━━━ Records for processing ━━━
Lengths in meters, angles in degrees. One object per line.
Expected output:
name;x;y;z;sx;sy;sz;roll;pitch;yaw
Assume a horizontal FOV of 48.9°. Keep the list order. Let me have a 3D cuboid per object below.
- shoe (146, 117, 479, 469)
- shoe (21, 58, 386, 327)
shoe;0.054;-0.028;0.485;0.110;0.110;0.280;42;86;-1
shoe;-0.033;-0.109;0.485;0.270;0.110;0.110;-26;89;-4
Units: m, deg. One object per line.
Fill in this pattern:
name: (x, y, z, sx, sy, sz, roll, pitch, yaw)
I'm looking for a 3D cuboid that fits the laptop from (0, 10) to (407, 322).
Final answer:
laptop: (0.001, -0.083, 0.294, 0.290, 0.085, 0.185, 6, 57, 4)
━━━
━━━ Records for processing ━━━
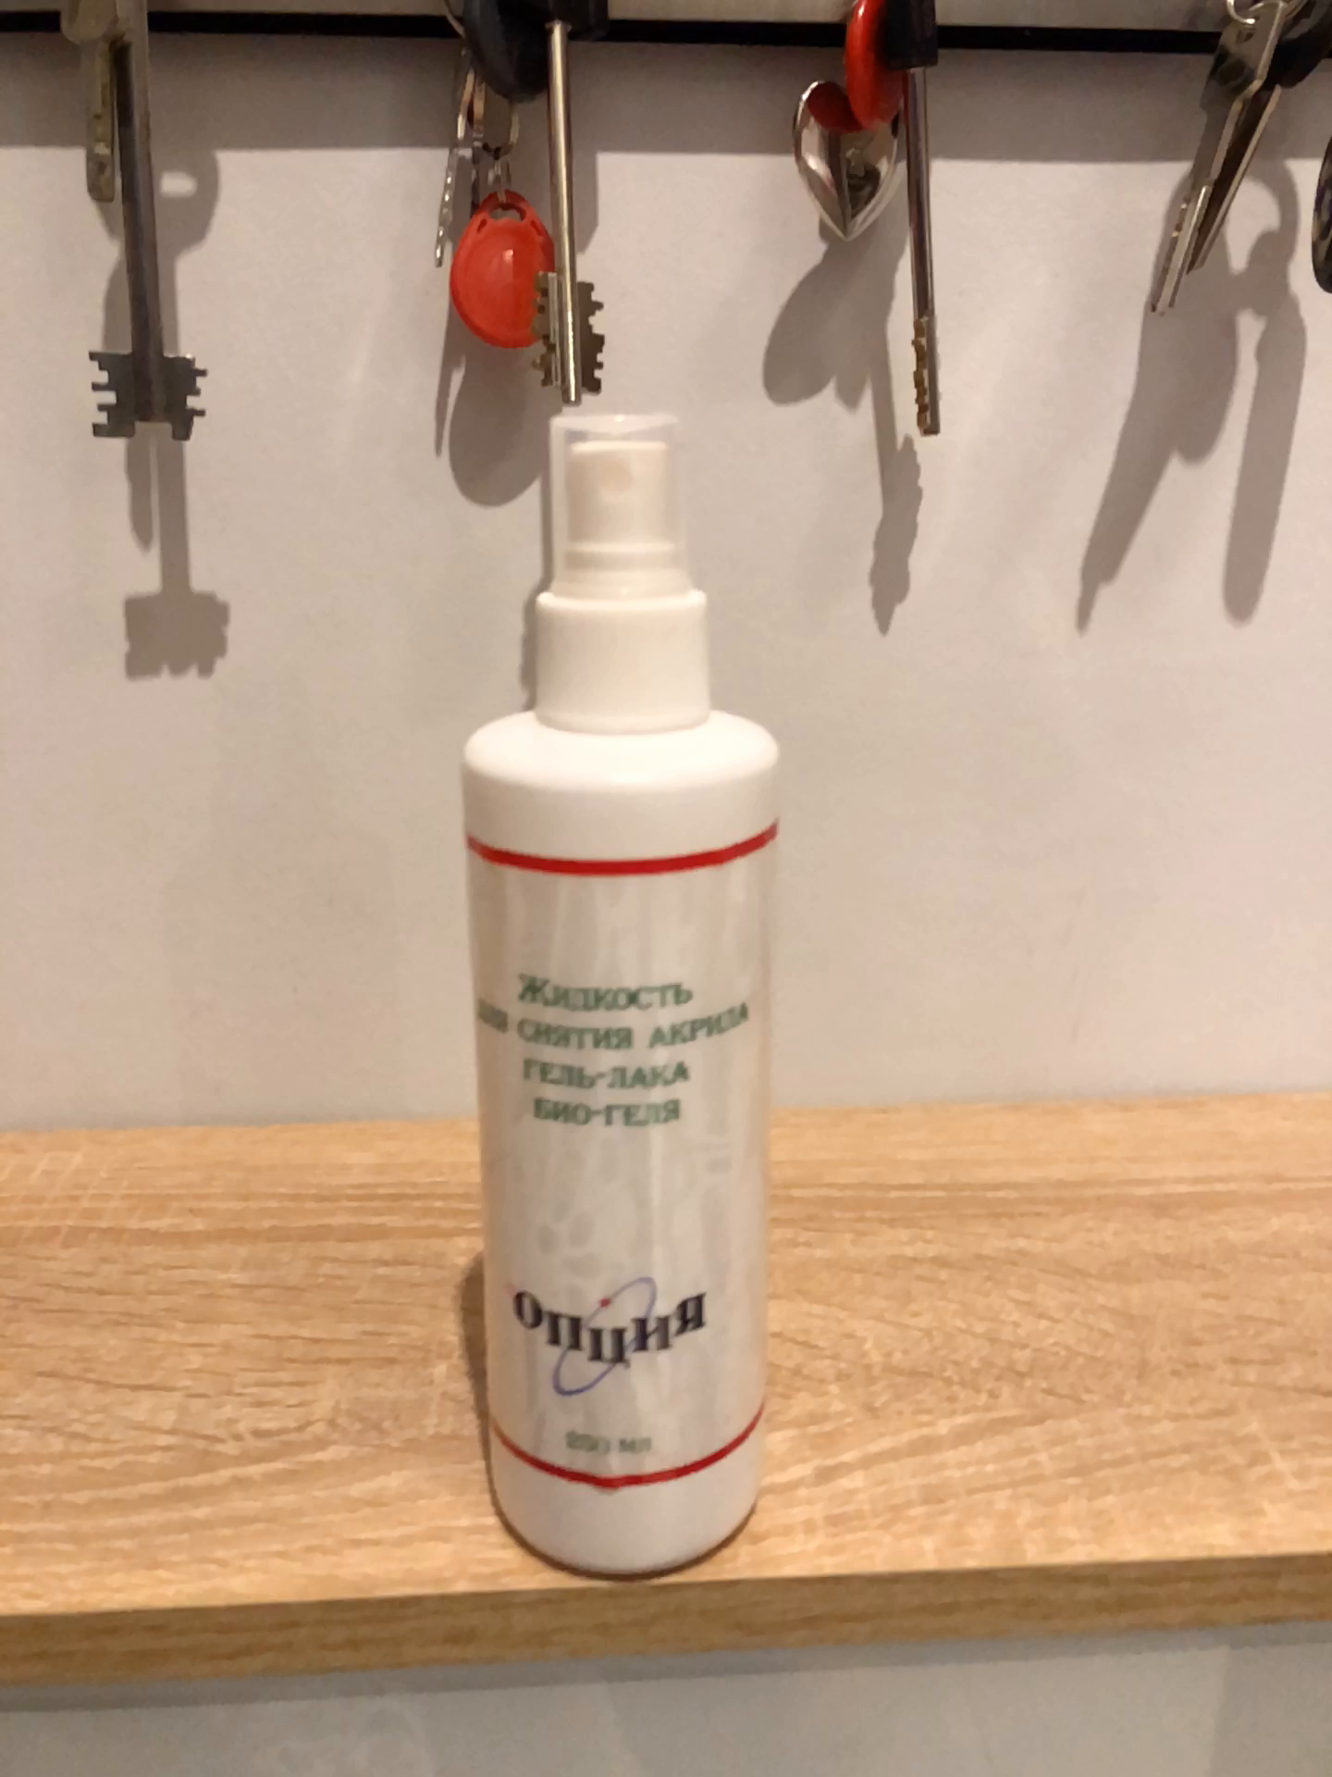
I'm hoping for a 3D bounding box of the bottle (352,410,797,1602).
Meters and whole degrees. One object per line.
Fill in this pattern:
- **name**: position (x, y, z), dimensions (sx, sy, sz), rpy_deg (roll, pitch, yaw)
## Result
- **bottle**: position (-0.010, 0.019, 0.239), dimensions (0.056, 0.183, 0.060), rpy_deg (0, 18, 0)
━━━
#### [Exercise brief]
Using the records above, gather all lines where the string "object" is present.

#### [Solution for this exercise]
Lengths in meters, angles in degrees. One object per line.
Assume a horizontal FOV of 48.9°. Keep the list order. Let me have a 3D cuboid per object below.
Units: m, deg. One object per line.
Meters and whole degrees. One object per line.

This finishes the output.